- **What you should do**
Of the records that follow, copy only the lines from the line containing "Lens: 14.5° across the image width." to the line containing "7. toy dinosaur <box>559,156,635,357</box>", both included, exactly as written.

- **Extracted data**
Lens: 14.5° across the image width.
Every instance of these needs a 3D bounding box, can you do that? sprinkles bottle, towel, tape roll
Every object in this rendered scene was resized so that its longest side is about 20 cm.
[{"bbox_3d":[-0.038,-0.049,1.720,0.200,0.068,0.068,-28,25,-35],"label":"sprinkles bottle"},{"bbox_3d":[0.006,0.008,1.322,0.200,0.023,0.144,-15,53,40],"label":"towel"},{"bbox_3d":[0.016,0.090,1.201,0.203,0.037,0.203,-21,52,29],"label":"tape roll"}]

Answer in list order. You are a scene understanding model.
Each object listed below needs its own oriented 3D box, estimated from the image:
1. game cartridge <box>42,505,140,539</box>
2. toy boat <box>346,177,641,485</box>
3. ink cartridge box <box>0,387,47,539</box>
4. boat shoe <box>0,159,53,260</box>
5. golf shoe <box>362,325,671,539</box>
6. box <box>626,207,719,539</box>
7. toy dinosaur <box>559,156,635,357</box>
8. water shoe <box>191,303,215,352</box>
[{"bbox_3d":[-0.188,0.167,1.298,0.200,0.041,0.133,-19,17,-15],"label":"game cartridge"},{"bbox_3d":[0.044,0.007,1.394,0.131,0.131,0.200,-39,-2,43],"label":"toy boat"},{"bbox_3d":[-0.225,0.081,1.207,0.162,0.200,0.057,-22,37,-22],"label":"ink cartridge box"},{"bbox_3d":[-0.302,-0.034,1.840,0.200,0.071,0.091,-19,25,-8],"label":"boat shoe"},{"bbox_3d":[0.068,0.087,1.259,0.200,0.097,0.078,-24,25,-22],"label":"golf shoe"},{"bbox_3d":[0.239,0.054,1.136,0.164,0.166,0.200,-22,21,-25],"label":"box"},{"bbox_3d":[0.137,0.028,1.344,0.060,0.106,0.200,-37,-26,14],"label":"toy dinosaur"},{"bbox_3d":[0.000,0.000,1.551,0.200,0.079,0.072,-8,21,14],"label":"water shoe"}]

==

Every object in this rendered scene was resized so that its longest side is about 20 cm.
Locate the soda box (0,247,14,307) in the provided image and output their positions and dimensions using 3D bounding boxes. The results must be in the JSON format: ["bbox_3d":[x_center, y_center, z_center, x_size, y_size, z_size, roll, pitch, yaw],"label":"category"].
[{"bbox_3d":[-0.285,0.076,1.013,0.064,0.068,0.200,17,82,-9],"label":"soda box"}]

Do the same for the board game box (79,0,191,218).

- **Task solution**
Lens: 14.5° across the image width.
Every instance of these needs a 3D bounding box, can you do that? sprinkles bottle, towel, tape roll
Every object in this rendered scene was resized so that its longest side is about 20 cm.
[{"bbox_3d":[-0.038,-0.049,1.720,0.200,0.068,0.068,-28,25,-35],"label":"sprinkles bottle"},{"bbox_3d":[0.006,0.008,1.322,0.200,0.023,0.144,-15,53,40],"label":"towel"},{"bbox_3d":[0.016,0.090,1.201,0.203,0.037,0.203,-21,52,29],"label":"tape roll"}]

Answer in list order. You are a scene understanding model.
Each object listed below needs its own oriented 3D box, estimated from the image:
1. game cartridge <box>42,505,140,539</box>
2. toy boat <box>346,177,641,485</box>
3. ink cartridge box <box>0,387,47,539</box>
4. boat shoe <box>0,159,53,260</box>
5. golf shoe <box>362,325,671,539</box>
6. box <box>626,207,719,539</box>
7. toy dinosaur <box>559,156,635,357</box>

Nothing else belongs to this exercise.